Throughout their season, the Wolverines have consistently relied on massive, whirlwind performances from their offense and found a backbone in their power hitters. But Sunday’s game, and especially the first inning, showed that Michigan can find success beyond
its norm by playing scrappy and just hitting the marks. It’s not about hits, it’s about runs, and finding their footing without the former allowed the Wolverines to blossom through the rest of the game.
Michigan’s offense struck once more in the bottom of the third, although this time its three hits were better aligned with the two runs they gained. After singling, graduate catcher Matt Spear advanced to second on a wild pitch, setting him up perfectly for Pace’s at-bat, in which a single allowed Spear to score.
Carrying on with aggressive playing style he has showcased in prior contests, Pace dashed to steal second base during Casillas’ at-bat. With the final hit of the inning, Casillas sent a grounder to center field, and a fielding error allowed him to secure a double and score Pace to extend the lead to 6-0.

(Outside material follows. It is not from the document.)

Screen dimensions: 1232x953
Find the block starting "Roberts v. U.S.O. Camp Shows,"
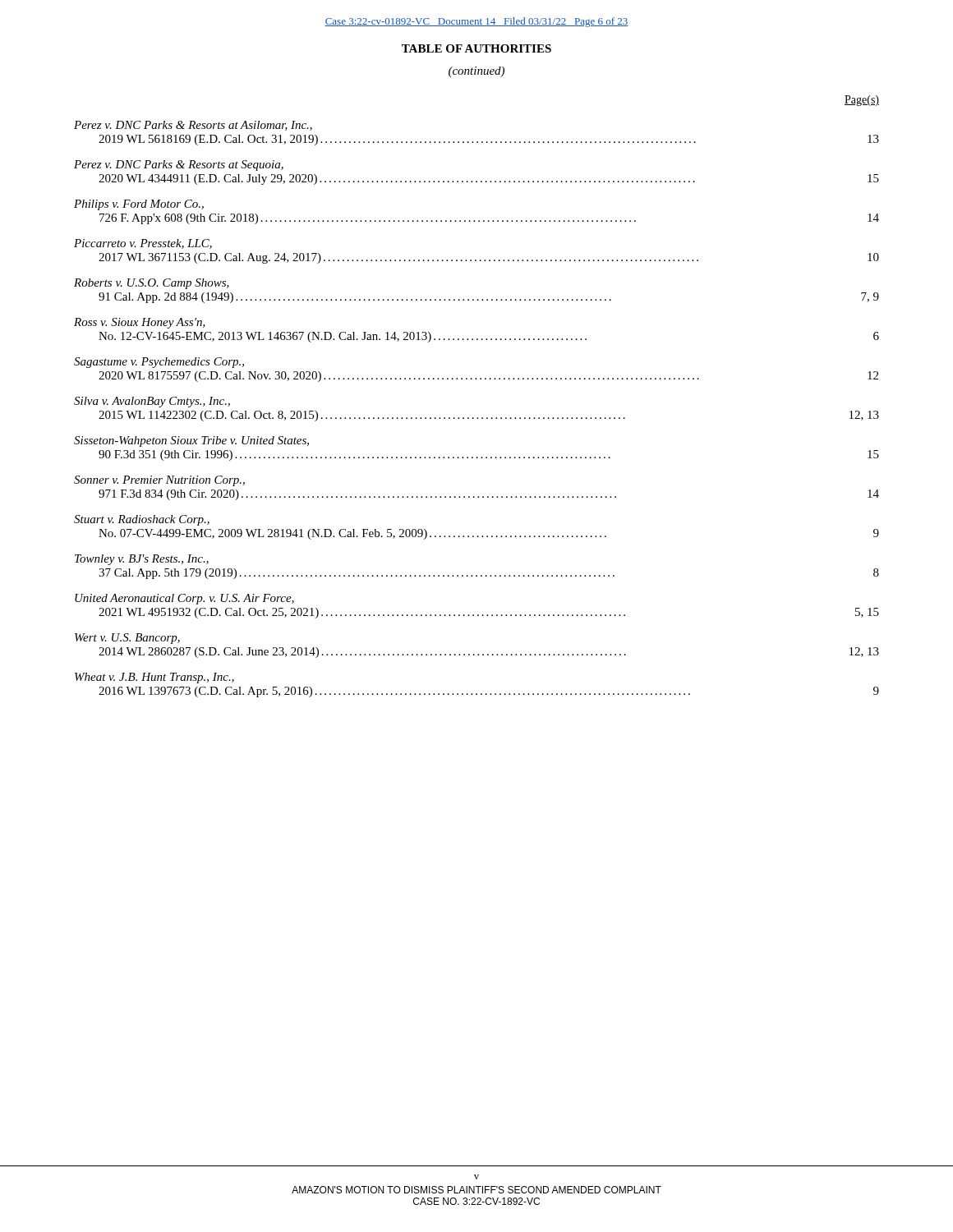pyautogui.click(x=476, y=290)

With the game firmly in grasp, Smith began to experiment with the lineup, with additions such as sophomore third baseman Joonsung Park, graduate right fielder Robbie Hamchuk and sophomore designated hitter Keegan O’Hearn. After a stagnant few innings, the trio found success, beginning with a single by Hamchuk while Park and O’Hearn loaded the bases off of walks. With a powerful double by junior left fielder Jonathan Kim, all three hustled home to bring in three more runs for the Wolverines.
“When you can pick and choose and ultimately reward them with opportunities they’ve earned, you try to do that,” Smith said of the bench. “… Robbie Hamchuk coming in and getting two hits off the bench was awesome.”
Up 9-0, Michigan needed only one more run to seal away its runrule victory. And Inge delivered just that, sliding home off of a single by Hamchuk to secure the series sweep for the Wolverines. While not its flashiest victory, Sunday’s game, and the Mount St. Mary’s series as a whole, showcased something much more important for Michigan — its ability to win even without a fervent offense. Home runs and power hitters don’t need to be the standard for this Wolverines’ offense. Spelled out in the scoreline, it’s clear that when playing simple, smart ball, Michigan can still produce the ideal results.